February 3, 2023
The IC’s biggest open-source intelligence challenge: Mission creep
By Gavin Wilde
From establishing the use of chemical weapons by Syrian forces against innocent civilians in 2012, to documenting war crimes by invading Russian forces in Ukraine in 2022, the past decade has seen the explosion of open-source intelligence (“OSINT”). The discipline draws upon an ocean of (putatively) publicly available data – now ranging from selfies to car registrations to satellite imagery – to perform a kind of forensic analysis that would have been nigh impossible in previous eras.
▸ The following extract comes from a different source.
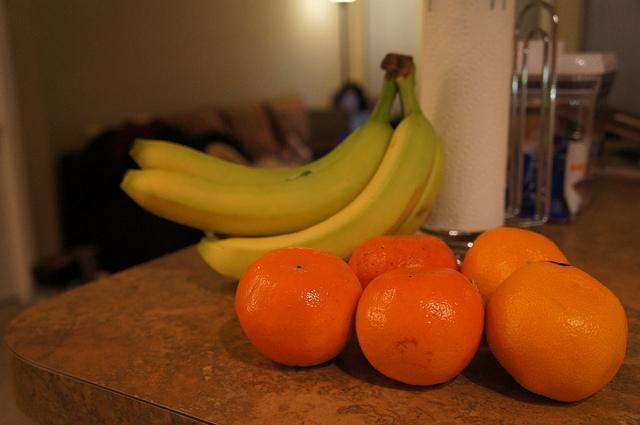How many pineapples are there?
Give a very brief answer. 0. How many oranges are in the picture?
Give a very brief answer. 5. 
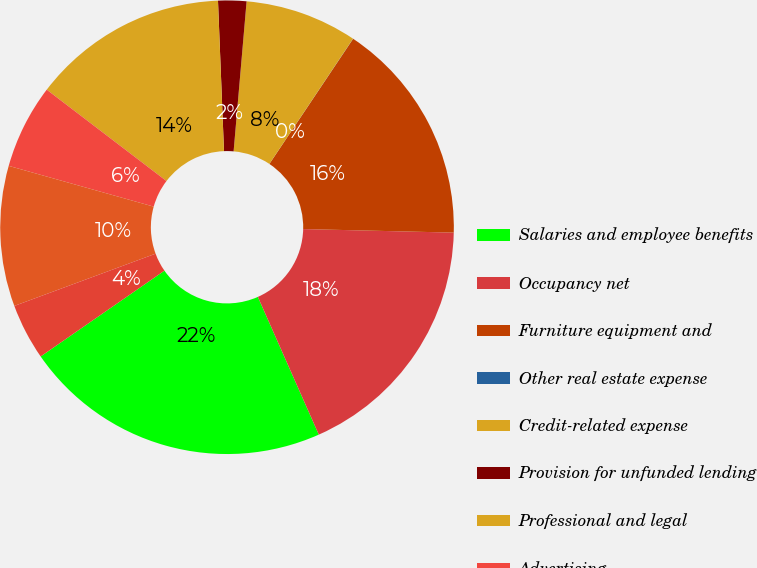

Having redefined practices from citizen journalism to military targeting, OSINT’s increased prominence has been accompanied by growing calls from scholars, practitioners, and senior officials for the U.S. Intelligence Community (IC) to more concertedly take up the craft. Otherwise, so the thinking goes, these agencies run the risk of obsolescence, as governments find their erstwhile monopoly on sophisticated intelligence gathering eroding, alongside their ability to avoid strategic surprise.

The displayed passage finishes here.